_TASK ITEM:_ Each line of the listing that includes "below" should be reported.
======
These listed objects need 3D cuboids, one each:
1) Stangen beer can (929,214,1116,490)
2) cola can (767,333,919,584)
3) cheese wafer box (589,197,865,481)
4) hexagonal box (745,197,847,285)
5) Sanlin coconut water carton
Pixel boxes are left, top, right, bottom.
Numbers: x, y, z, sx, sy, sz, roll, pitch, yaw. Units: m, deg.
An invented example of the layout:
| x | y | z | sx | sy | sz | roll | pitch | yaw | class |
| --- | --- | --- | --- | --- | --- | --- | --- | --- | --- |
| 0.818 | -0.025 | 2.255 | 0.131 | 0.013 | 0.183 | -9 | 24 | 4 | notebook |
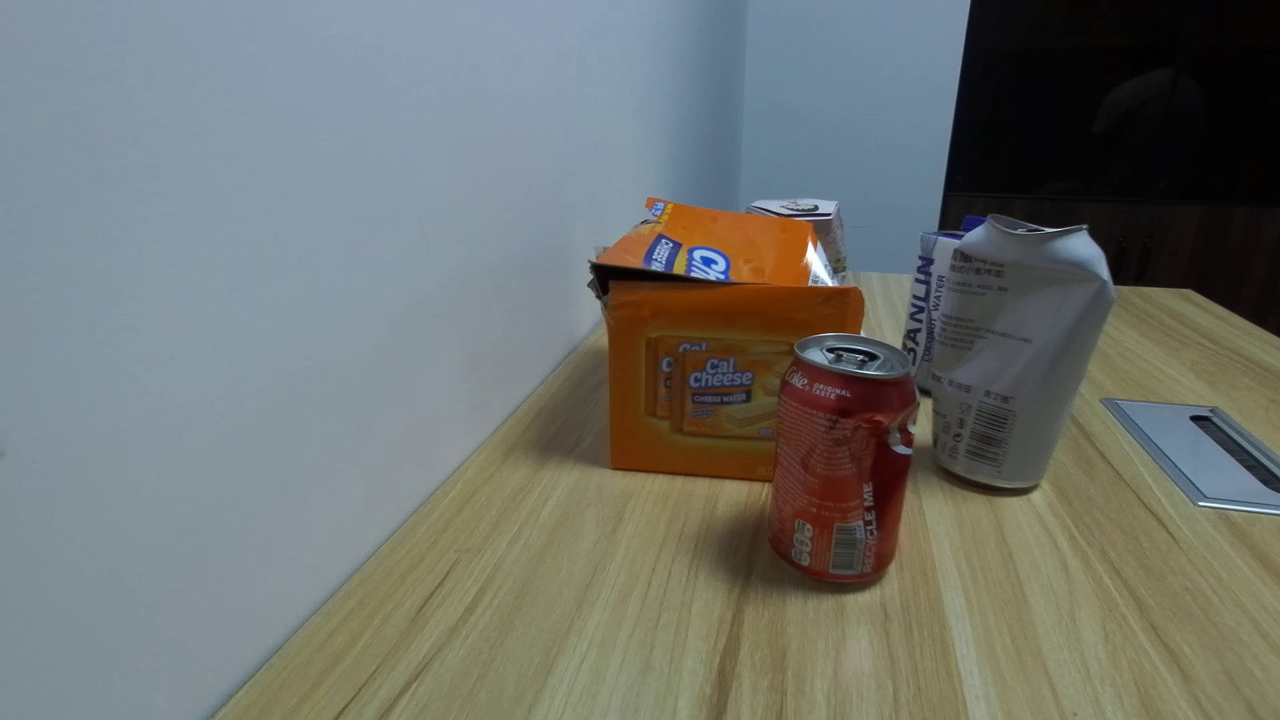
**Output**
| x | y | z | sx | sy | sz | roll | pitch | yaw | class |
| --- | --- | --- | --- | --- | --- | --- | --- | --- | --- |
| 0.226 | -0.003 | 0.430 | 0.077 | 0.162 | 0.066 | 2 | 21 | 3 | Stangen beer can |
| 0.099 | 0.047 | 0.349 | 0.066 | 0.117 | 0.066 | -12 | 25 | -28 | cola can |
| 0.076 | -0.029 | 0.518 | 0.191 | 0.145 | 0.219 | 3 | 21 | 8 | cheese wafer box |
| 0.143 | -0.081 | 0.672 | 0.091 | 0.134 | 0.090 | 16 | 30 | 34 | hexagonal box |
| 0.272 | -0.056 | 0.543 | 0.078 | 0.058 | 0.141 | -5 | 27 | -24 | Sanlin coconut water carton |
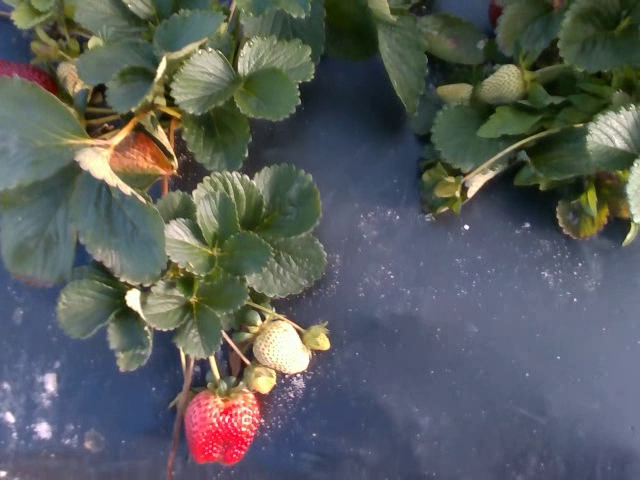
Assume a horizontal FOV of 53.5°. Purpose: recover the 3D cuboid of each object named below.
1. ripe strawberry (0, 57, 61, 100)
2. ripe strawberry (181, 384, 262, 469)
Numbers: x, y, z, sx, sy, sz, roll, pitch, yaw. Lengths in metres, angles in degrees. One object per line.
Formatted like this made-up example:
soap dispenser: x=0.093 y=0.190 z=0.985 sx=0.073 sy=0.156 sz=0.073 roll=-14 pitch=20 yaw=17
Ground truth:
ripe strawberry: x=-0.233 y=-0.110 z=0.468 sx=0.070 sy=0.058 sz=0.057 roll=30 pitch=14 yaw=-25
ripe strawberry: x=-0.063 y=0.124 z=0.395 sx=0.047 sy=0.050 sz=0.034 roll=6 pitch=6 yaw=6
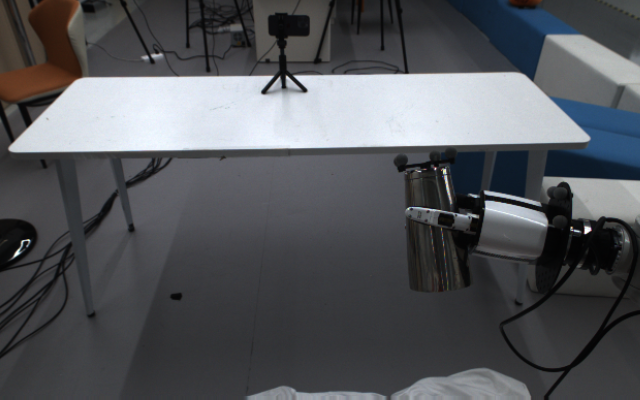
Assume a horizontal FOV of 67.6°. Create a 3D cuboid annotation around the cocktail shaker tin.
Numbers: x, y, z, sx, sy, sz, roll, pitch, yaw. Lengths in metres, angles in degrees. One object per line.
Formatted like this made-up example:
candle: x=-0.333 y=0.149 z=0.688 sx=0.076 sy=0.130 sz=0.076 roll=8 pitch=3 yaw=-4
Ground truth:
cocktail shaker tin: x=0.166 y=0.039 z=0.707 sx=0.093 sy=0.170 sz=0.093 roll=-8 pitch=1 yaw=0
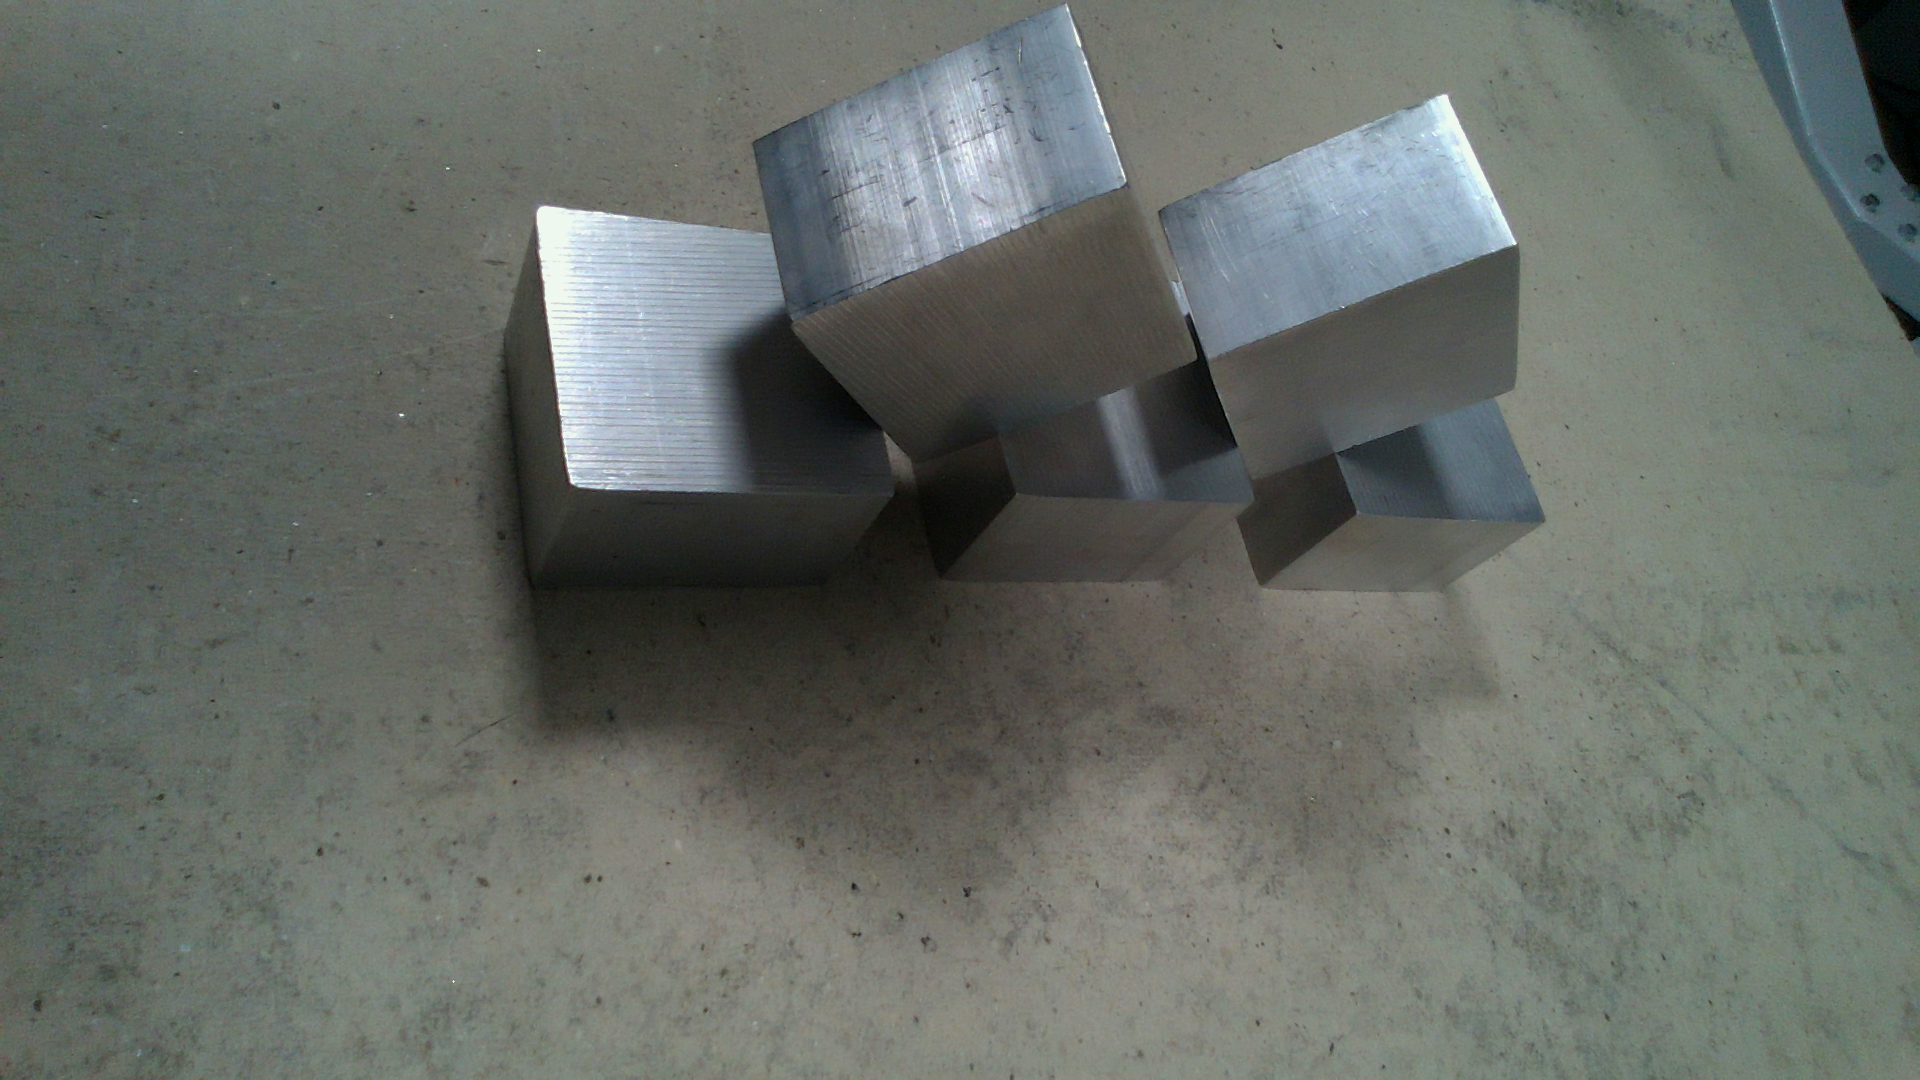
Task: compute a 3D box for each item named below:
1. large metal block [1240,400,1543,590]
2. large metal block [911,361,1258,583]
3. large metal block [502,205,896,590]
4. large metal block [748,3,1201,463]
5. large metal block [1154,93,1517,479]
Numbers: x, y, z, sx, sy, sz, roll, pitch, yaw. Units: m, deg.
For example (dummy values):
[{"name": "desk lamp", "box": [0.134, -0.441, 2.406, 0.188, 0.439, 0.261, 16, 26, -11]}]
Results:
======
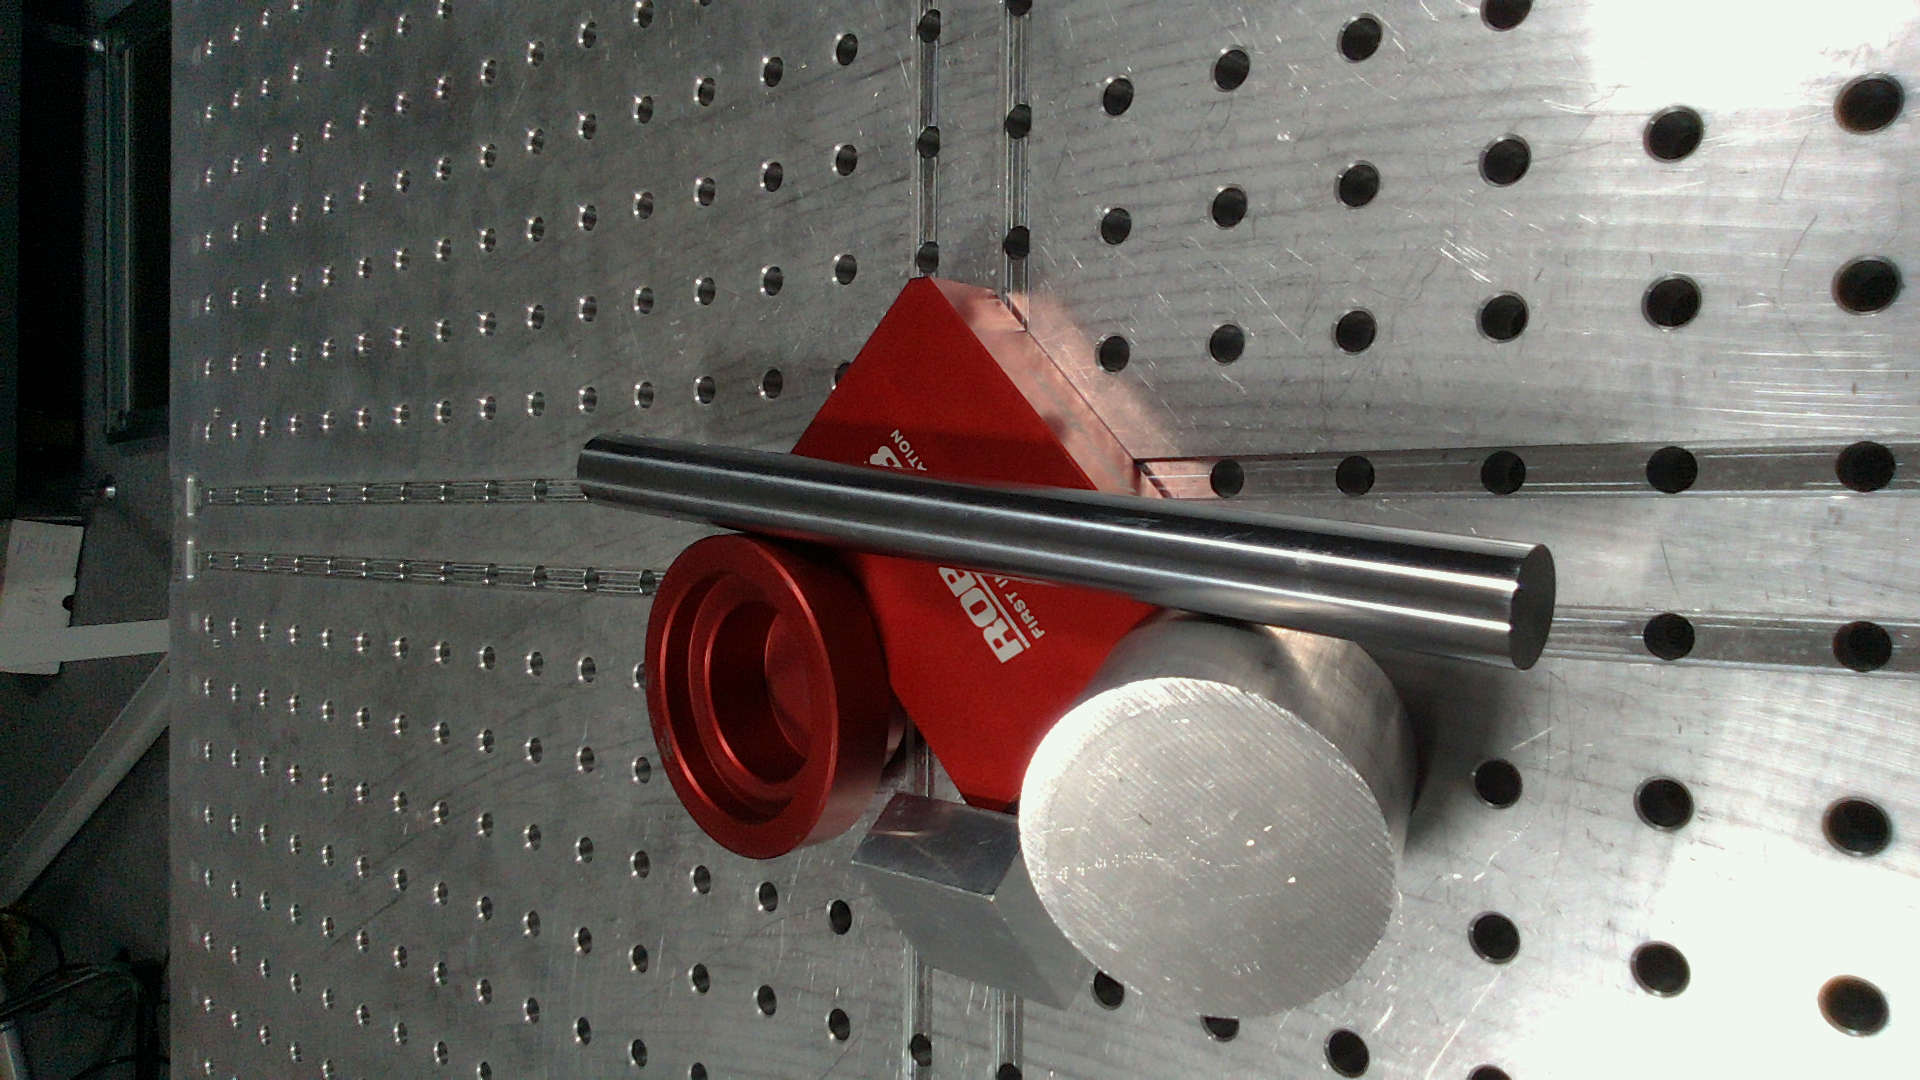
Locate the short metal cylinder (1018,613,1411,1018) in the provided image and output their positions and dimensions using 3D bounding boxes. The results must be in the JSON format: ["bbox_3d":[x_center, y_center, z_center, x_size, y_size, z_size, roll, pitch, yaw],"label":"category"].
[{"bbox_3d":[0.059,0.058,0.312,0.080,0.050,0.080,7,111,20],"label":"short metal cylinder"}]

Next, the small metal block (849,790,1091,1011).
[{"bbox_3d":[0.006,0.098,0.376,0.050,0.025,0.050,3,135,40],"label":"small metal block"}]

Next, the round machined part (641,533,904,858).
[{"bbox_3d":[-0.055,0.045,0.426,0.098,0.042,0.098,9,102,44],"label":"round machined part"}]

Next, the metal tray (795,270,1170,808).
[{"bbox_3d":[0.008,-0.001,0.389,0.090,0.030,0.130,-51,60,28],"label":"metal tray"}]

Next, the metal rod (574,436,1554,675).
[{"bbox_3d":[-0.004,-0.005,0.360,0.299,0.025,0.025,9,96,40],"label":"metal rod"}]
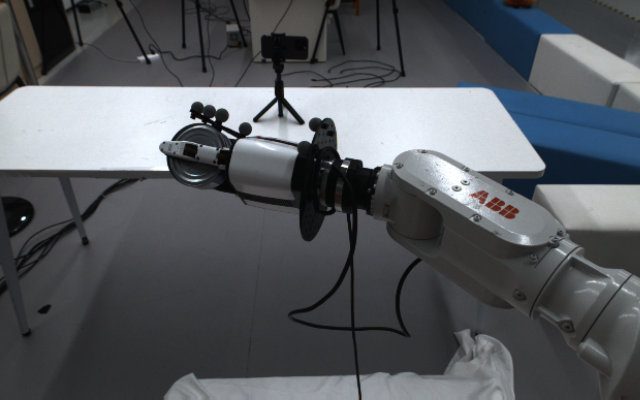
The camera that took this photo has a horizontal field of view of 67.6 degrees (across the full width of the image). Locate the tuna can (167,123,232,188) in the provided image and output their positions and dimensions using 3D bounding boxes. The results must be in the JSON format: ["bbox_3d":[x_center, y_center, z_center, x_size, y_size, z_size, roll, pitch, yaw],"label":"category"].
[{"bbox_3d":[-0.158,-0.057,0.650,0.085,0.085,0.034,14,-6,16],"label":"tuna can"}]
======
_EXERCISE OUTPUT:_
Assume a horizontal FOV of 53.5°. Purpose: recover the 3D cuboid of each object named below.
Task: compute a 3D box for each item named below:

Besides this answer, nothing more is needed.